L’assurdità non ha mai fine. È l’unica cosa certa di questo mondo inquieto. Leggo la notizia, abbastanza ridicola, di due gemelle australiane che hanno speso una fortuna per essere perfettamente identiche. Non faccio volutamente nomi perché non gradisco pubblicizzare quello che pare più un’operazione commerciale che una storia vera. Le due giovani ora hanno tutto in comune: fisico, cellulare, indirizzo Facebook e anche il fidanzato. Lo dicono in un video penoso, con l’aria stereotipata di chi è totalmente ricostruito per assecondare i dettami di una moda bizzarra, lo dicono con evidente soddisfazione. Dietro l’aspetto patetico della vicenda, che certo non rende ragione al mistero dei parti gemellari e alla dignità della donna, c’è la sottile enfasi di chi vuole rompere con l’istituzione matrimonio: «In fondo che male c’è se un uomo condivide due donne perfettamente uguali». Si comincia sempre così a scendere la china, la parolina magica è sempre questa… in fondo che male c’è.
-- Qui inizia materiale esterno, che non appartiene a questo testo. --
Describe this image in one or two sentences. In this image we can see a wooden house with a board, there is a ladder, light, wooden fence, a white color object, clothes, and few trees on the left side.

Il male lo si vede sempre e solo dopo, quando, un decennio più tardi, aumenta vertiginosamente la cronaca nera sulle pagine dei giornali, quando aumentano le cifre di certi affari economici legati al divorzio, all’aborto e al mutamento di sesso, voluto dalla politica del gender. E si potrebbe continuare. Il dio Mammona si serve immancabilmente delle illusioni della modernità. Care gemelle, che la madre non ha educato a un’opportuna e sana identità, unica e irripetibile, voglio dirvi una cosa: preferisco guardare Picasso e la sua «Corsa» del 1922. Dopo tutto, queste due donne, vi somigliano: nelle misure, nella disinibizione e nella corsa verso un paradiso che non c’è. In una cosa si distinguono, anzi in due. Picasso ha preso più soldi per queste due ragazze, di quanti voi ne abbiate spesi per rifarvi il look. Inoltre, la bella e la prorompente vitalità, che alla fine Picasso ha saputo infondere a questa corsa, non ha nulla a che vedere con la vostra postura da ragazze in vetrina. Non abbiatene a male se vi parlo così.
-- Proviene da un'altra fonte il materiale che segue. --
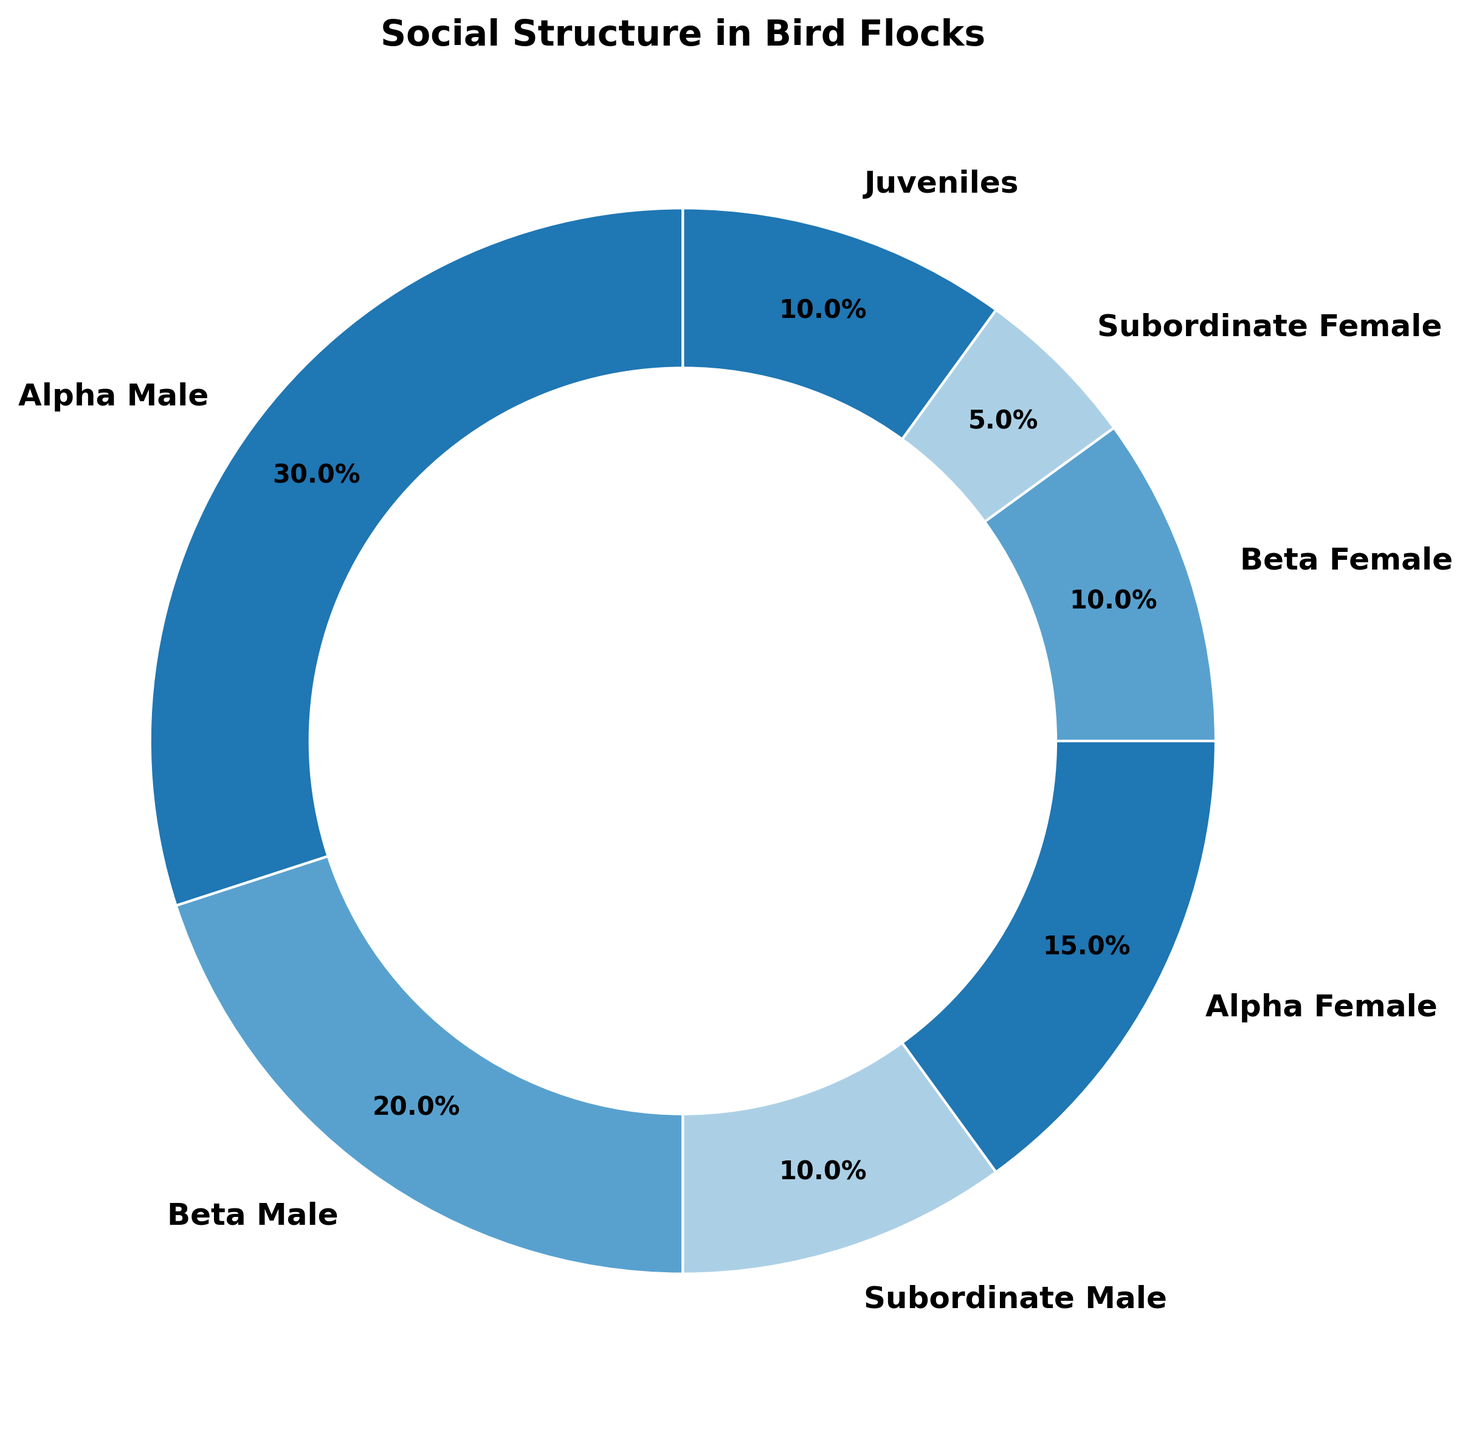What role has the highest percentage in the bird flocks? Alpha Male is at the top with the largest slice in the ring chart, showing a percentage of 30%.
Answer: Alpha Male Which two roles have the smallest percentages in the bird flocks? By looking at the slices, Subordinate Female has 5%, and two other sections, Subordinate Male and Juveniles, each have 10%. Therefore, Subordinate Female and one of these two roles have the smallest percentages, but the absolute smallest are Subordinate Female and tie between Subordinate Male and Juveniles.
Answer: Subordinate Female, Subordinate Male and Juveniles (tie) How much higher is the percentage of Alpha Males compared to Beta Males? Alpha Male has 30%, Beta Male has 20%. The difference is calculated as 30% - 20% = 10%.
Answer: 10% What is the combined percentage representation of all males (Alpha, Beta, Subordinate)? The percentages are 30% (Alpha Male), 20% (Beta Male), and 10% (Subordinate Male). Summing these gives 30 + 20 + 10 = 60%.
Answer: 60% Which roles have an equal percentage, and what is that percentage? The Beta Female and Juveniles sections are of equal size, both with 10%. This is evident by the labels in the ring chart.
Answer: Beta Female, Juveniles; 10% Calculate the total percentage of Alpha and Beta roles together for both sexes. Alpha Male (30%) + Beta Male (20%) + Alpha Female (15%) + Beta Female (10%) = 30 + 20 + 15 + 10 = 75%.
Answer: 75% How does the percentage of Subordinate Female compare with Subordinate Male? Subordinate Female has 5%, and Subordinate Male has 10%. Subordinate Male's percentage is double that of Subordinate Female.
Answer: Subordinate Male is double What roles together represent a quarter (25%) of the bird flocks? Subordinate Male (10%) + Beta Female (10%) + Subordinate Female (5%) sum up to 10 + 10 + 5 = 25%.
Answer: Subordinate Male, Beta Female, Subordinate Female 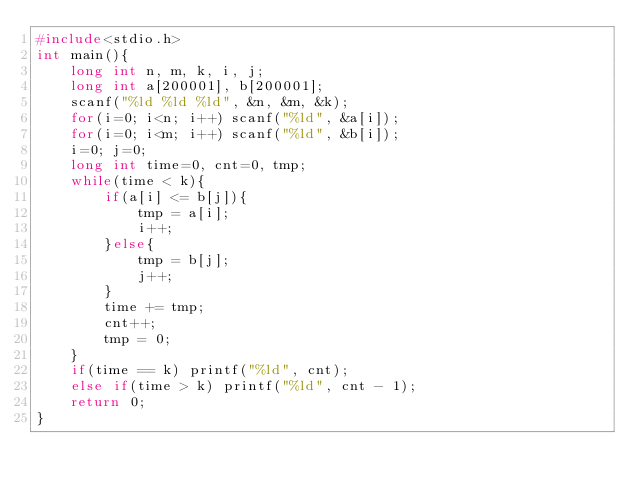Convert code to text. <code><loc_0><loc_0><loc_500><loc_500><_C_>#include<stdio.h>
int main(){
    long int n, m, k, i, j;
    long int a[200001], b[200001];
    scanf("%ld %ld %ld", &n, &m, &k);
    for(i=0; i<n; i++) scanf("%ld", &a[i]);
    for(i=0; i<m; i++) scanf("%ld", &b[i]);
    i=0; j=0;
    long int time=0, cnt=0, tmp;
    while(time < k){
        if(a[i] <= b[j]){
            tmp = a[i];
            i++;
        }else{
            tmp = b[j];
            j++;
        }
        time += tmp;
        cnt++;
        tmp = 0;
    }
    if(time == k) printf("%ld", cnt);
    else if(time > k) printf("%ld", cnt - 1);
    return 0;
}</code> 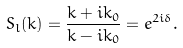Convert formula to latex. <formula><loc_0><loc_0><loc_500><loc_500>S _ { l } ( k ) = \frac { k + i k _ { 0 } } { k - i k _ { 0 } } = e ^ { 2 i \delta } .</formula>

Parlo a voi, ma in fondo, mi rivolgo a chi legge. Apriamo gli occhi davanti agli esempi che ci propinano, c’è sempre un secondo fine nel portare alla ribalta certi casi. Il fine di stravolgere la cultura del bene. Picasso aveva visto giusto quando dipingeva questo bozzetto per la realizzazione del fondale di scena del balletto di Darius Milhaud Le Train bleu. L’umanità si è gettata ormai in una corsa verso il nulla, un train bleu, un treno dai desideri impossibili che spengono la vera umanità. Una cosa mi colpisce nell’opera di Picasso: una donna è tutta protesa verso il futuro e guarda l’orizzonte. È la più idealista e, forse, la più abbandonata dentro la logica della sua stessa corsa. L’altra invece, mentre solleva il braccio sinistro, lascia cadere il destro verso il luogo dal quale provengono.
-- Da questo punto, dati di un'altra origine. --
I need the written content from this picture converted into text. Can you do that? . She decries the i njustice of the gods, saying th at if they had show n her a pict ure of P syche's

Verso quel passato che le ha rese donne e che ora abbandonano velocemente. Il volto di quest’ultima è rivolto al Cielo, come in un estremo desiderio di eternità. E se la bocca accenna a un sorriso, lo sguardo rimane venato di nostalgia. Mi sembra un ritratto del nostro tempo, questa sì mi pare una storia vera: desideriamo testimoni della realtà (di una Realtà che conserva la lettera maiuscola), e non profeti dell’assurdo, come certa cronaca ci distribuisce a piene mani.